▶ **Instructions for the task**:
In the data below, the copy begins at the line containing "culture: china or japan" and runs through the last line; repeat those lines exactly, minus the pictures.

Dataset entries
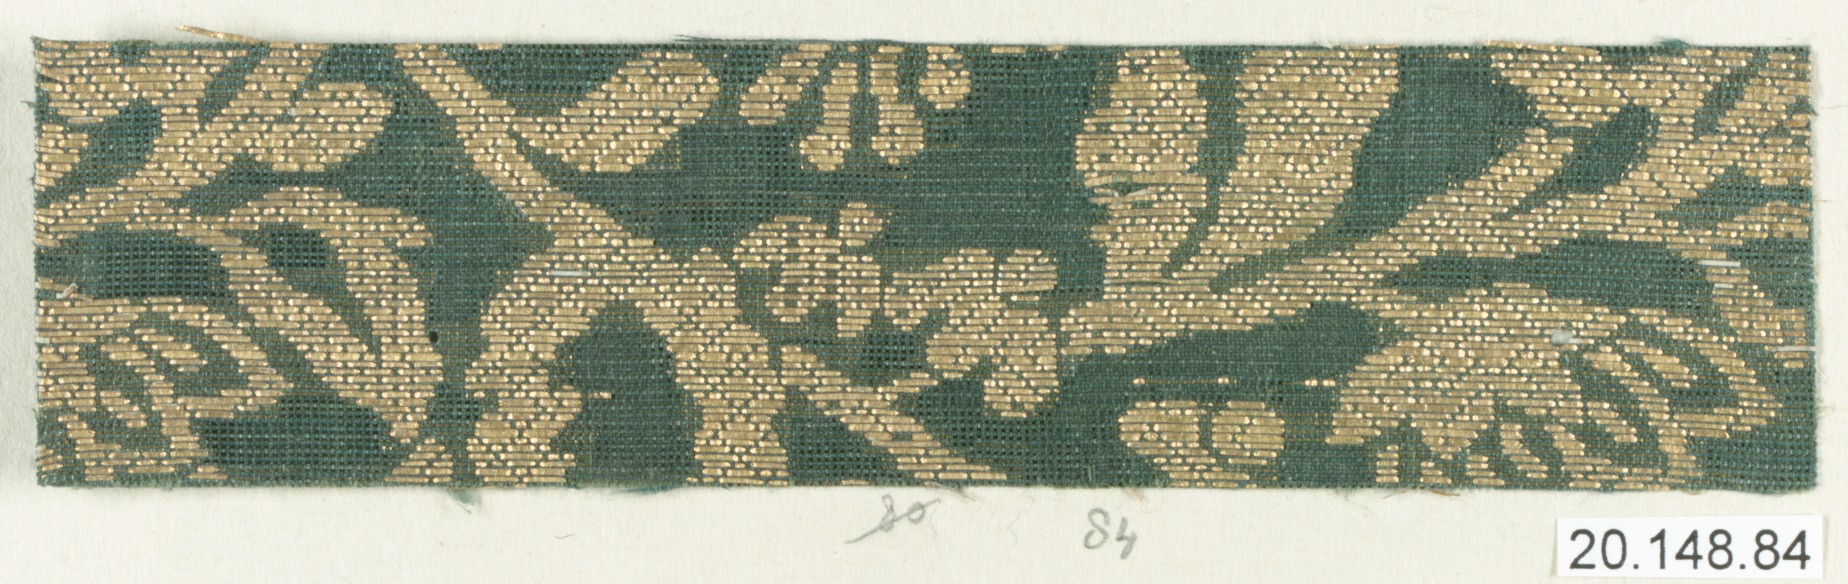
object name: piece
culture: china or japan
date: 1501-1600
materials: silk
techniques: compound weave
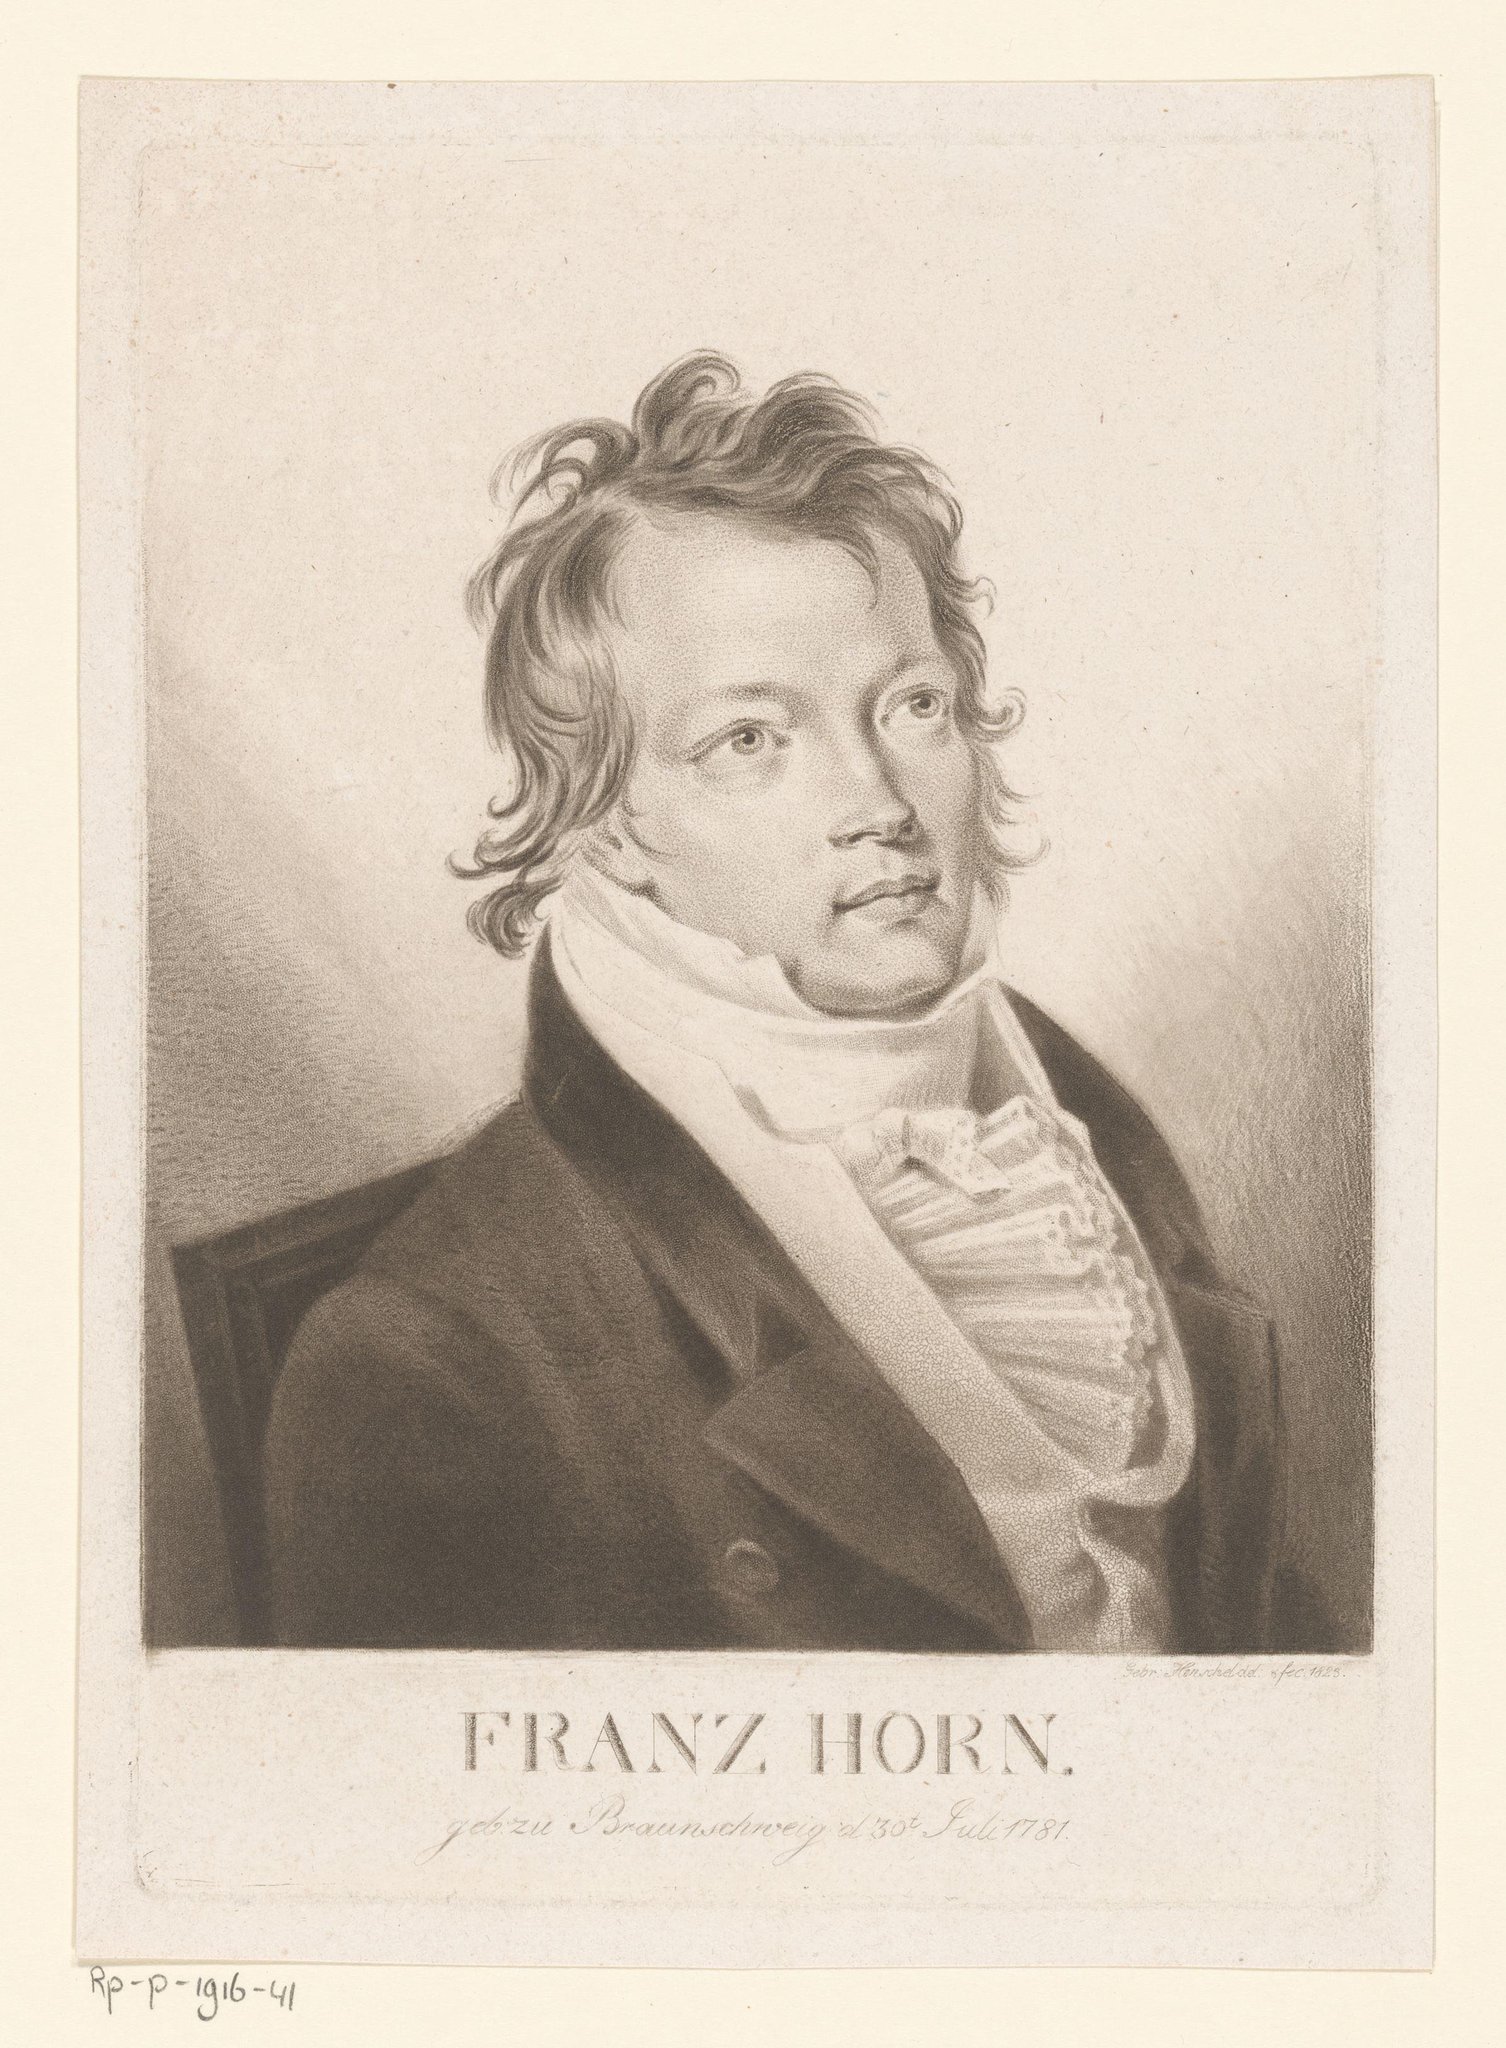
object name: print
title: Portret van Franz Horn
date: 1823
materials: paper
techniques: etching, roulette
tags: berlin, historical persons
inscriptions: collector's mark: Lugt 2228

▶ **Response**:
culture: china or japan
date: 1501-1600
materials: silk
techniques: compound weave
object name: print
title: Portret van Franz Horn
date: 1823
materials: paper
techniques: etching, roulette
tags: berlin, historical persons
inscriptions: collector's mark: Lugt 2228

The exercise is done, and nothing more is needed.